Abgesehen von den schrecklichen menschlichen Opfern der Eskalation im Nahen Osten sorgen diese Ereignisse kurzfristig für Volatilität und langfristig für Inflationsdruck. Dieser Druck wirkt sich direkt auf die Unternehmen aus, denn die Energieversorgung umzustellen oder neue Lieferketten aufzubauen wird kostspielig sein. Ein weiteres Fragezeichen stellen die Wahlen in den USA dar. Ob oder wie sie sich auf die Märkte auswirken werden, ist schwer vorherzusagen – und genau diese Unberechenbarkeit ist das Problem. Märkte hassen Unsicherheit.

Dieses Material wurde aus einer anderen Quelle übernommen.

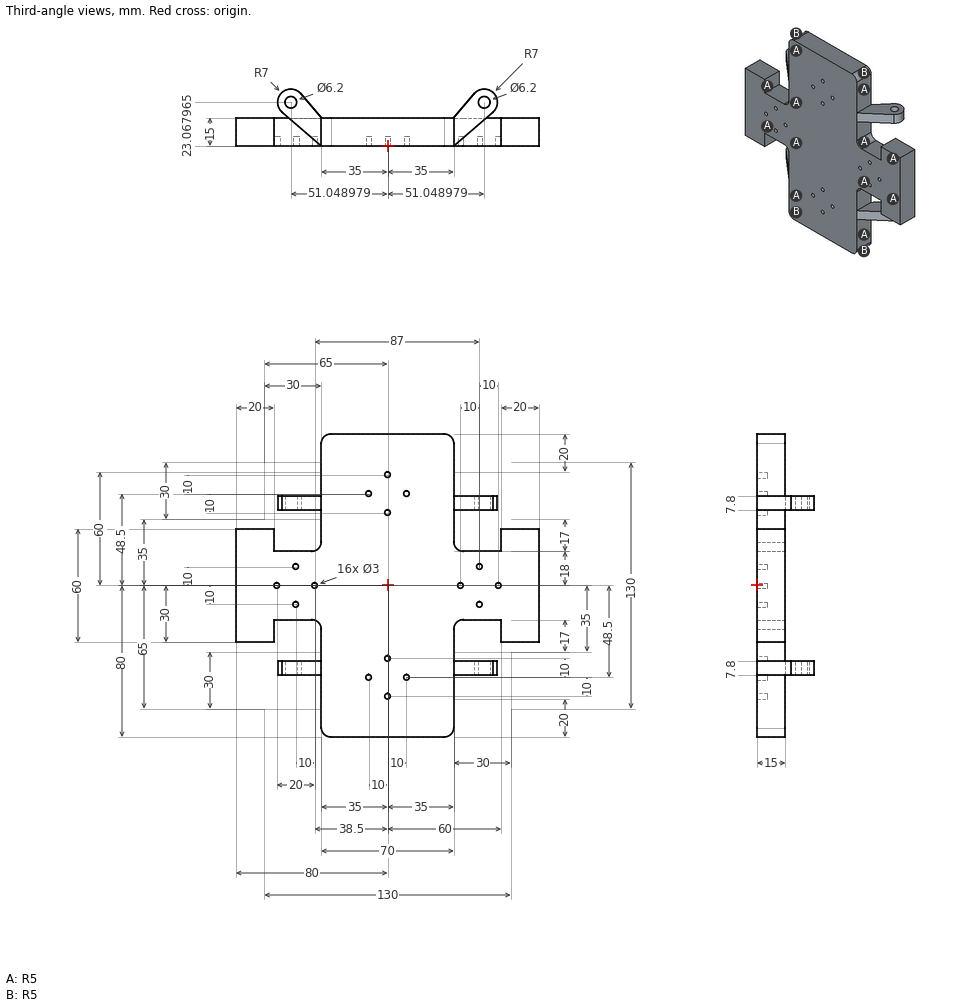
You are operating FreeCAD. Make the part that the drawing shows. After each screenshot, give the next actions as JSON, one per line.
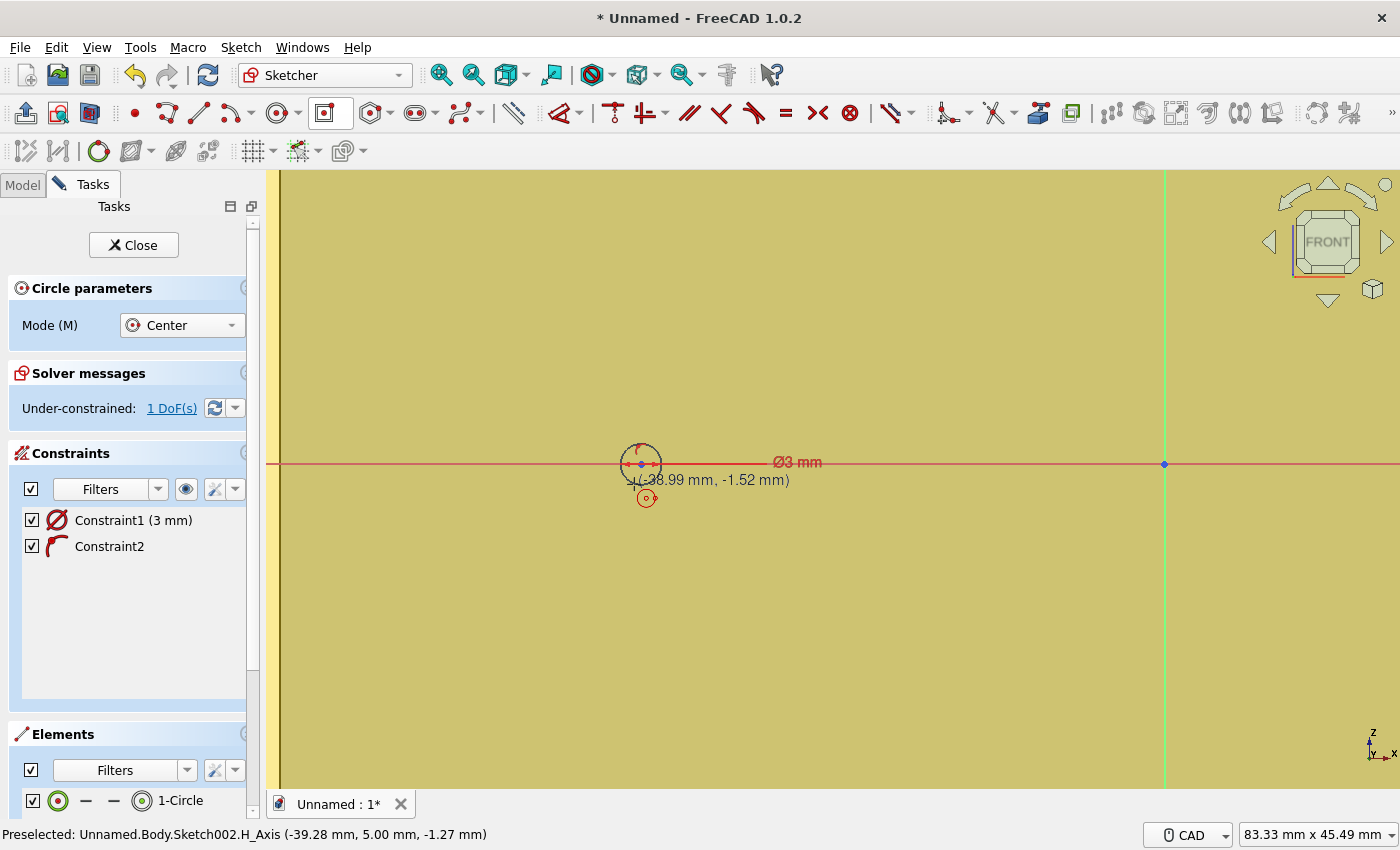
{"action": "scroll", "coordinate": [634, 484], "scroll_direction": "down", "scroll_amount": 7}

Chancen in einem unsicheren Umfeld
Kurz vor dem Jahreswechsel müssen die Anleger ihren Optimismus hinsichtlich der Weltwirtschaft gegen die vielen Unsicherheiten, mit denen wir konfrontiert sind, abwägen. Bei Anleihen bedeutet das, dass Sie mittel- bis langfristige USStaatsanleihen und Investment-Grade Unternehmensanleihen mit soliden Renditen in Betracht ziehen könnten – oder auch Hochzinsanleihen mit verlockenden, nahezu zweistelligen Renditen.

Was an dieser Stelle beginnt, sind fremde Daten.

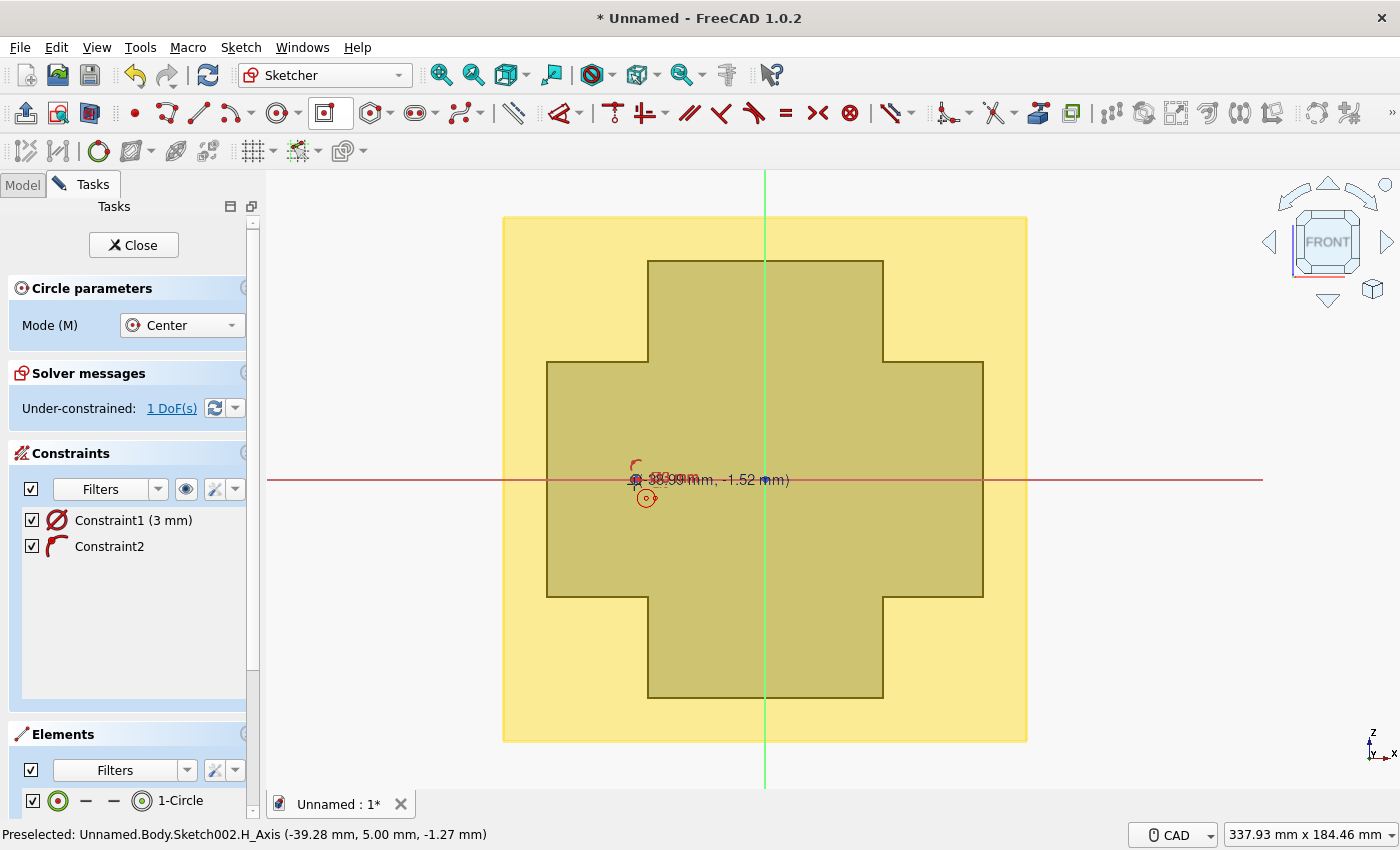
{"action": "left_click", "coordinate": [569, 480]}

Die Wahl hängt wirklich von Ihrer Einschätzung der weiteren wirtschaftlichen Entwicklung und Ihrer Risikobereitschaft ab. Bei Aktien dürfen Sie sich meiner Meinung nach nicht auf die kleine Gruppe der Unternehmen beschränken, die im Jahr 2023 den Markt anführten. Meines Erachtens werden sich die Wertzuwächse künftig verbreitern. Bereiche, die nicht solche Rallyes erlebten wie die stärksten Sektoren, könnten attraktiver sein.
Die Märkte differenzieren wieder
Während der Covid-19-Pandemie und unmittelbar danach verfolgten die Zentralbanken und Regierungen mit ihrer Geldbzw. Fiskalpolitik ein gemeinsames Ziel: die Stabilisierung der Wirtschaft. Sie setzten vielleicht unterschiedliche Taktiken ein, aber mit weitgehend demselben Ziel. Im Laufe des Jahres 2023 haben wir erstmals wieder eine gewisse Differenzierung der politischen Maßnahmen und wirtschaftlichen Ergebnisse beobachtet. Unserer Einschätzung nach könnte sich diese Differenzierung im Laufe des Jahres 2024 verstärken (Abbildung 1).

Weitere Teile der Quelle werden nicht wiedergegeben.